Well, I'm not that much of a "confortable Westerner". I'm from Europe, true, but my country has been in a dire Euro-crisis condition for years.

Since that happened we see all kinds of foreign and local businesses coming to exploit the situation, offering wages that we consider insulting and near-substinence but are forced to accept for lack of options.

The only reason business say the "cost of living" in country X matters regarding to how much to pay a worker is because they can get away with it. I don't see why an American working at X is worth more than a Chinese or a Portuguese working at X. Especially with all the talk of a globalised economy.

It seems the main idea businesses take from a globalized economy is to take advantage of it NOT being globalised enough, ie. to play national economies and cheaper labour against each other.
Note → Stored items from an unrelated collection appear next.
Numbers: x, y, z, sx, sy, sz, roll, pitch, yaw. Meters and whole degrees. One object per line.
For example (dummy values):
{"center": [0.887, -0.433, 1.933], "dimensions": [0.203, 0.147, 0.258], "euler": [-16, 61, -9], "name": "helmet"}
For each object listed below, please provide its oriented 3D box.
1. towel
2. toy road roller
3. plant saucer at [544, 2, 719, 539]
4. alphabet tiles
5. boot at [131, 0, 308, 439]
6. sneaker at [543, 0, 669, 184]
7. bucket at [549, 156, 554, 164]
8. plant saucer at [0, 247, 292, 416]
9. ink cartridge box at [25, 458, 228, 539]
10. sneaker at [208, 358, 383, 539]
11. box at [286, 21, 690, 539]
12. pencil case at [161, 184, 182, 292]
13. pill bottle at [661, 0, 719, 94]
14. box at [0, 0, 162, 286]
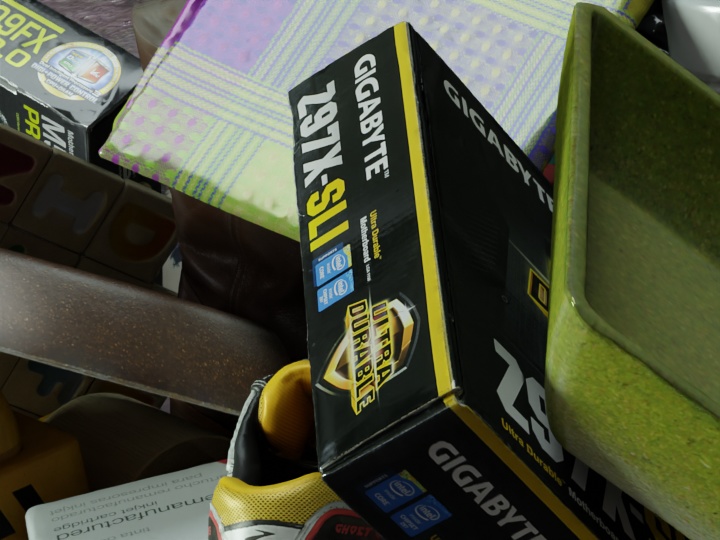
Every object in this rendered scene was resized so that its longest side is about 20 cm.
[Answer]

I'd like to see a real "global economy", where everyone is paid the same.


What I meant by "comfortable Westerner" is that what you may consider insulting, they in China might be fine with. And it is presumptuous to think that they are being exploited (and ungrateful for their jobs) just because Western standards are to have supersize and excess in everything like gas guzzling Hummers, McMansions, air conditioning in every room, etc.
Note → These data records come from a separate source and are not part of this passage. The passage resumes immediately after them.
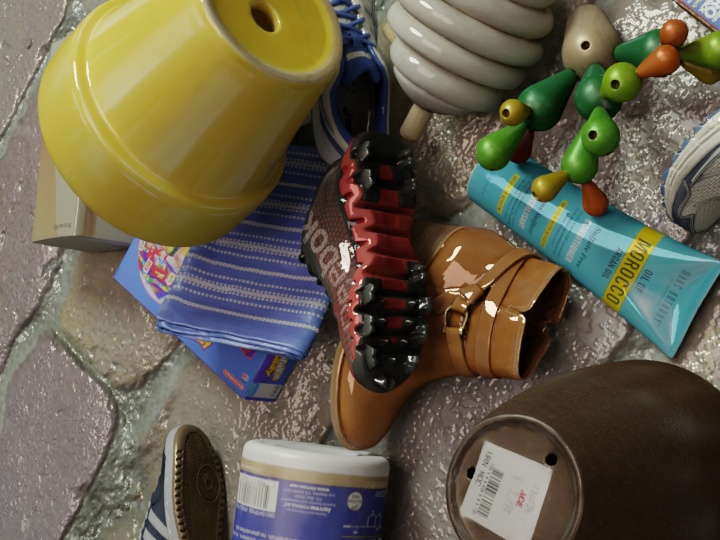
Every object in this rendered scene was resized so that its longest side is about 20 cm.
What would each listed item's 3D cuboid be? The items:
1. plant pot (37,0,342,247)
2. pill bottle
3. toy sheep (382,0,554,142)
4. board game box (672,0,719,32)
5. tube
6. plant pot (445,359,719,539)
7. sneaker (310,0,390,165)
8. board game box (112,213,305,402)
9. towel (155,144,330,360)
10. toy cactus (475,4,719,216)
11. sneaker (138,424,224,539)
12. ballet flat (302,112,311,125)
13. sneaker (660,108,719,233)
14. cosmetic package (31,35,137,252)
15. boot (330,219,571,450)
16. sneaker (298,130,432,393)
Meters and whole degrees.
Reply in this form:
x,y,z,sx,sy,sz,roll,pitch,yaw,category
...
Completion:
x,y,z,sx,sy,sz,roll,pitch,yaw,category
-0.119,-0.148,0.974,0.189,0.200,0.202,-36,63,43,plant pot
-0.046,0.240,0.993,0.119,0.119,0.202,4,85,35,pill bottle
0.081,-0.189,0.975,0.138,0.137,0.201,39,118,32,toy sheep
0.326,-0.189,0.849,0.152,0.046,0.200,-51,59,17,board game box
0.168,-0.023,0.937,0.200,0.050,0.078,37,118,28,tube
0.143,0.145,0.828,0.186,0.200,0.188,-6,79,34,plant pot
-0.007,-0.181,1.016,0.088,0.075,0.201,-162,59,-71,sneaker
-0.121,0.004,1.128,0.200,0.045,0.135,38,104,33,board game box
-0.077,-0.024,1.056,0.144,0.024,0.201,9,63,22,towel
0.178,-0.132,0.910,0.199,0.102,0.166,-32,32,28,toy cactus
-0.177,0.241,1.114,0.108,0.070,0.201,-13,78,31,sneaker
-0.077,-0.155,1.116,0.199,0.069,0.070,-14,75,29,ballet flat
0.268,-0.079,0.821,0.085,0.077,0.200,51,144,19,sneaker
-0.255,-0.122,1.211,0.105,0.071,0.202,-6,77,52,cosmetic package
0.066,0.063,0.965,0.154,0.073,0.201,20,90,42,boot
0.000,0.000,0.960,0.098,0.071,0.202,-27,60,47,sneaker

And someone from a developed country always has better options, so it is easy to say "they should not be taking that job" from up high. But when your main concern is your family, your child's education, and putting food on the table, any option is a good option. More so when you aren't concerned with luxury... because you can be more efficient and actually work for less when you don't waste money on extraneous living expenses.
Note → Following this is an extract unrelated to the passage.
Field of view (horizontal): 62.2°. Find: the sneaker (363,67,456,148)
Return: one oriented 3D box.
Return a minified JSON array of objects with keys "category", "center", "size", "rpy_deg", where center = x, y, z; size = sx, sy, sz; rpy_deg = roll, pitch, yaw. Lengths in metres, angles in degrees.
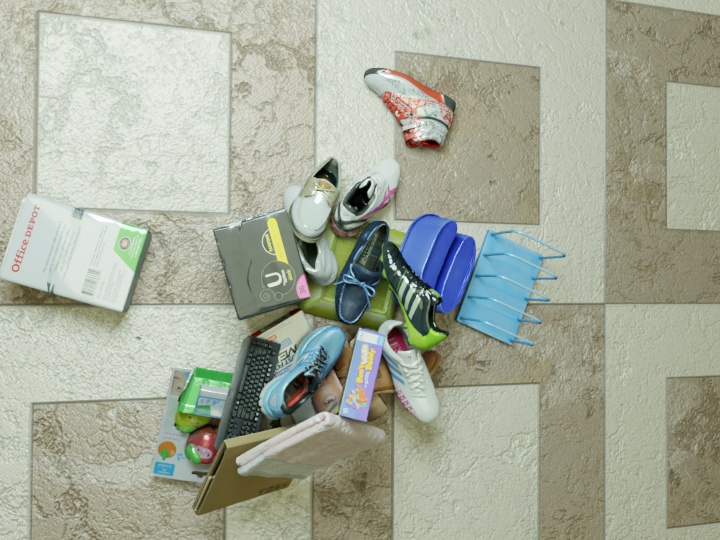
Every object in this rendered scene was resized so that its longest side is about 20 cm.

Plus, if you truly believe in a "global economy" where everyone is paid the same, the only way to move towards that is to enable free trade and allow cheap labor to be used. Holding back on an area because the wages are "too low" in fact drives wages there even lower, so that other exploitative people will be able to exploit this imbalance.

So avoiding cheap labor doesn't make sense and causes exploitative wage reduction by artificially withholding demand, and paying more than market price doesn't make business sense. For example if I have three photographers. One charges $100/hr, the other $200/hr, and the third $300/hr. If I hire the first photographer I don't just decide to pay him $300 simply because the highest quote I received was $300. Not to mention paying market price is perfectly conducive with evening out the wages in a "global economy."


Imagine that I have some discrete, solo work that needs doing, and that it can be done anywhere in the world. (This is a best case for global work.)

Now, imagine that I can get that done for X by someone right next to me, where the transport costs will be low/zero, the transport latency will be low/zero, and I can be reasonably assured that the secondary effects of that spending will be local (when that artist spends the money on things they want to buy).

In a scenario like that, why should I pay X to someone far away, with a possible language barrier, time zone issues, certainly transport costs and latency and concerns over how much more effort it may take to do whatever training, quality control and feedback mechanisms are needed?

If it's X here and X there, I choose "here". Always. It's not racism or xenophobia; it's just the practical reality.

Businesses exist to arbitrage and combine raw materials (including labor) into finished goods and sell them at a profit. That's true whether you're a kid's lemonade stand, Starbucks, Apple or Google.

There's nothing wrong with a supplier setting whatever price they want. If I set the price of my labor too high, no one will buy it, just as if I set the price of a ton of coffee beans too high.

My belief, while there is undoubtedly some amount of exploitation in the world, is that people who are willingly selling their labor are better off, not worse off, by having extra options of where to sell that labor. If we run an employer out of a market, laborers are not better off for having that option removed.